Enhanced H 2 S Gas Detection Using Low-Cost Carbon Loaded CuCrO 2 Nanomaterials

Abstract

Effective monitoring of H 2 S gas is crucial, as inhaling H 2 S poses a significant concern for human health, potentially leading to grave harm or even death. Chemiresistive semiconducting metal oxide (SMO) plays a crucial role in detecting a low concentration of H 2 S, providing early cautioning and ensuring immediate action. To develop affordable Chemiresistive gas sensors guaranteeing no trade-offs in sensitivity and selectivity, ongoing research continues to explore different SMOs, enhancing their performance. This study focuses on leveraging affordable carbon-based nanomaterials in CuCrO 2 to improve H 2 S detection, highlighting the efficacy of candle soot (CS) as an effective carbon source for H 2 S gas.
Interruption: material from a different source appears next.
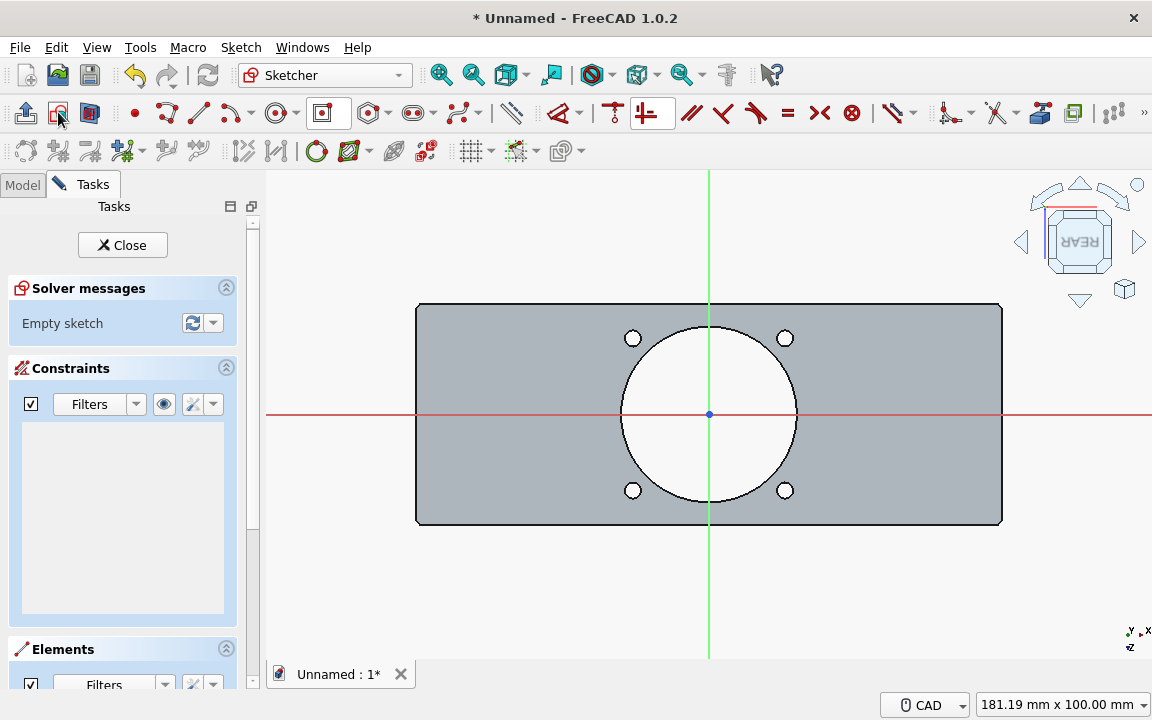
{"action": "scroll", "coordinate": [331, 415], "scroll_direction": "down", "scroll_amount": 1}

The CS (1.5 wt%) loaded CuCrO 2 provides a large surface area, which results in a relative response of 66.4% and 31% toward 50 ppm and 100 ppb of H 2 S gas, respectively, at 100 °C. The 1.5_CS@ CuCrO 2 gas sensor performs exceptionally well in a highly humid (RH 80%) atmosphere with a detection of 65.9% for 50 ppm of H 2 S gas, despite the hydrophilic nature of candle soot. The first principle Density Functional Theory (DFT) calculations, indicate that the hybrid carbon system can detect H 2 S gas due to its high adsorption energy, charge transfer, and orbital interactions compared to the CuCrO 2 system.